- **WORK TO BE COMPLETED**
In the entries below, count every line with the string "answer". State the count and nothing else.

━━━━━━━━

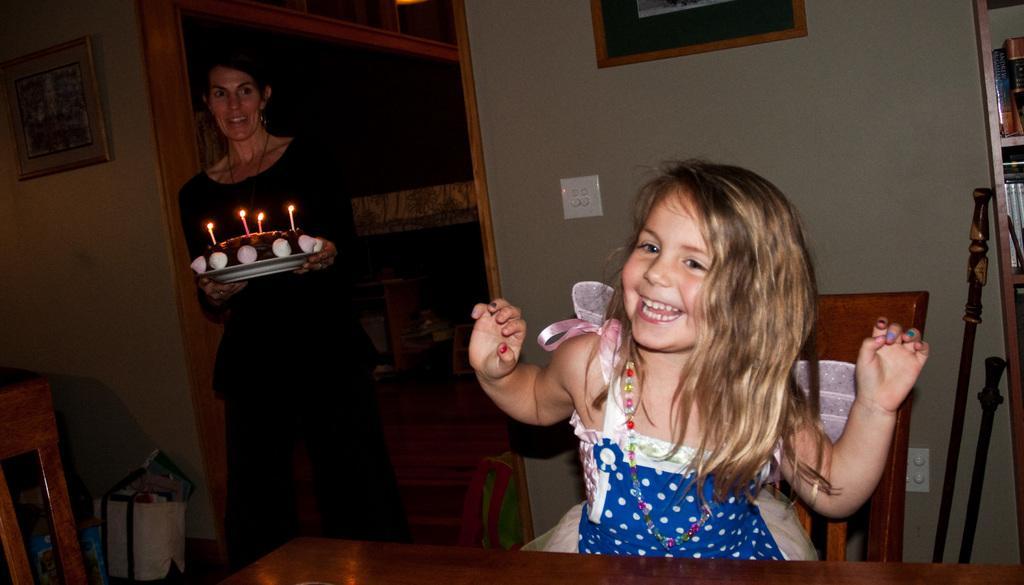Please provide a concise description of this image. In this image we can see a girl is sitting on a chair at the table and on the right side we can see a woman is holding a plate with candles on the cake on it. In the background there are frames on the wall, bags, books on the racks, wooden sticks, chairs and other objects. 
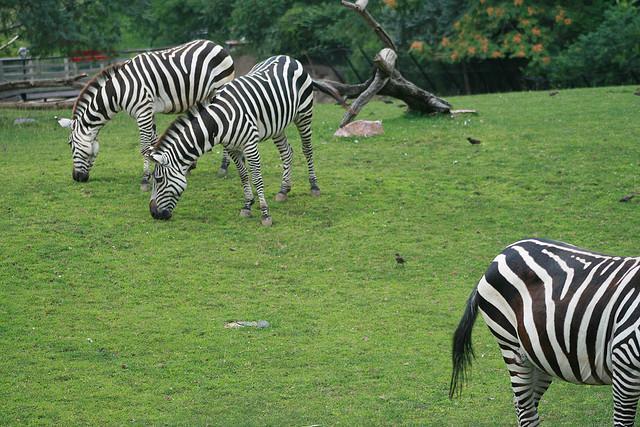How many zebras can you see eating?
Give a very brief answer. 2. How many zebras are there?
Give a very brief answer. 3. 
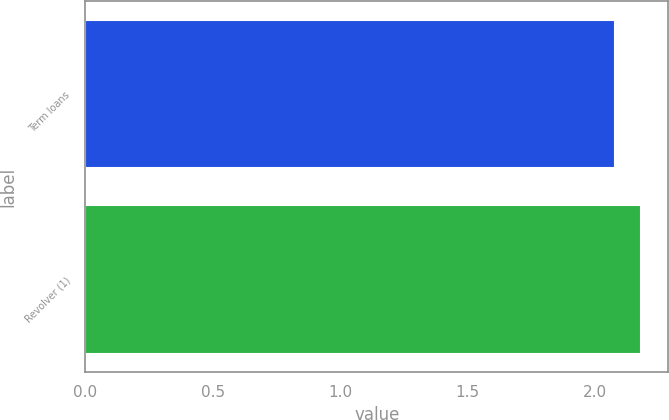Convert chart. <chart><loc_0><loc_0><loc_500><loc_500><bar_chart><fcel>Term loans<fcel>Revolver (1)<nl><fcel>2.08<fcel>2.18<nl></chart> 
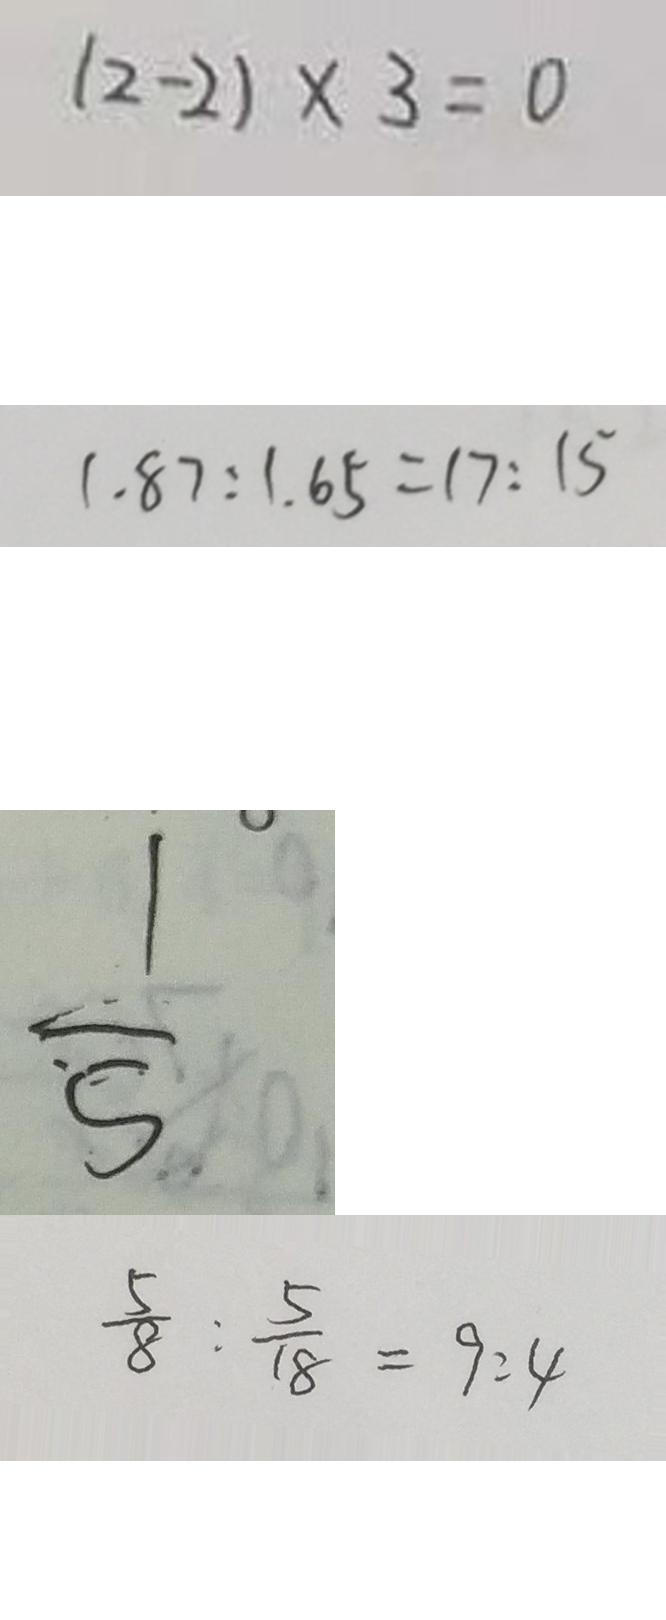Convert formula to latex. <formula><loc_0><loc_0><loc_500><loc_500>( 2 - 2 ) \times 3 = 0 
 1 . 8 7 : 1 . 6 5 = 1 7 : 1 5 
 \frac { 1 } { 5 } 
 \frac { 5 } { 8 } : \frac { 5 } { 1 8 } = 9 : 4</formula> 
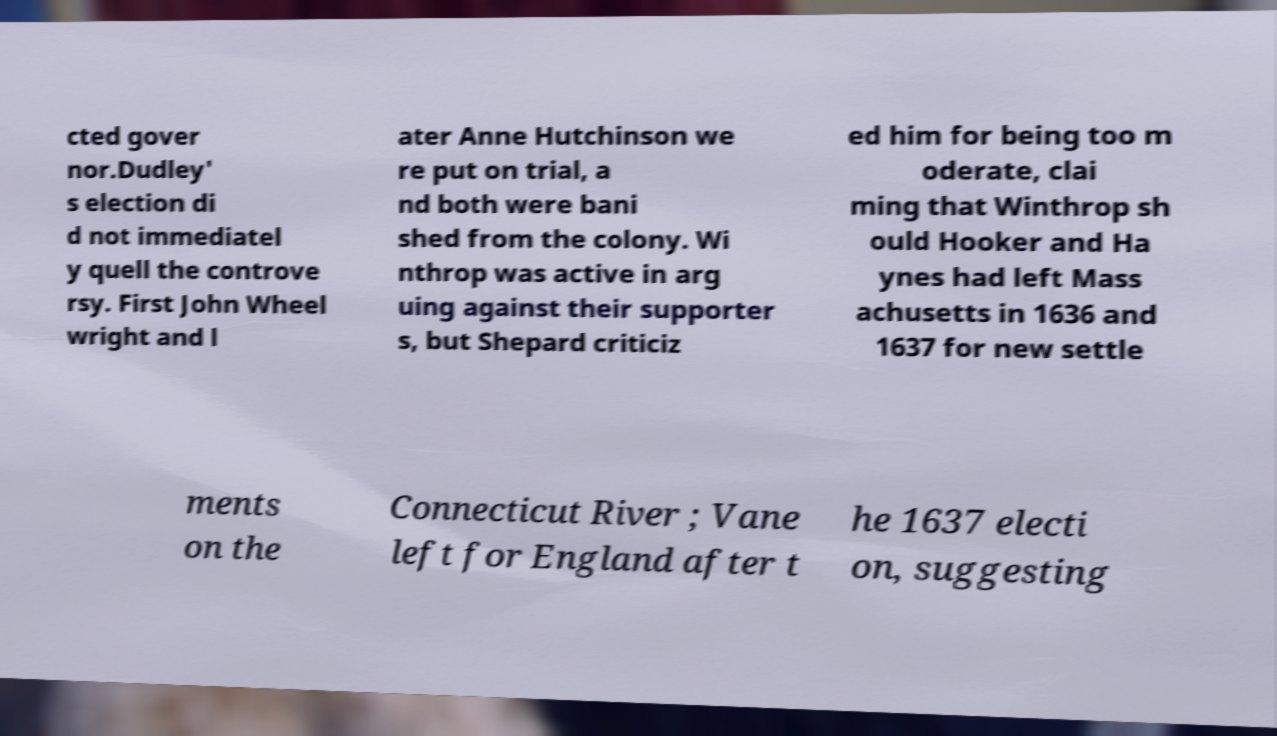Please identify and transcribe the text found in this image. cted gover nor.Dudley' s election di d not immediatel y quell the controve rsy. First John Wheel wright and l ater Anne Hutchinson we re put on trial, a nd both were bani shed from the colony. Wi nthrop was active in arg uing against their supporter s, but Shepard criticiz ed him for being too m oderate, clai ming that Winthrop sh ould Hooker and Ha ynes had left Mass achusetts in 1636 and 1637 for new settle ments on the Connecticut River ; Vane left for England after t he 1637 electi on, suggesting

━━━━━━━━

- **SOLUTION TO THIS PROBLEM**
2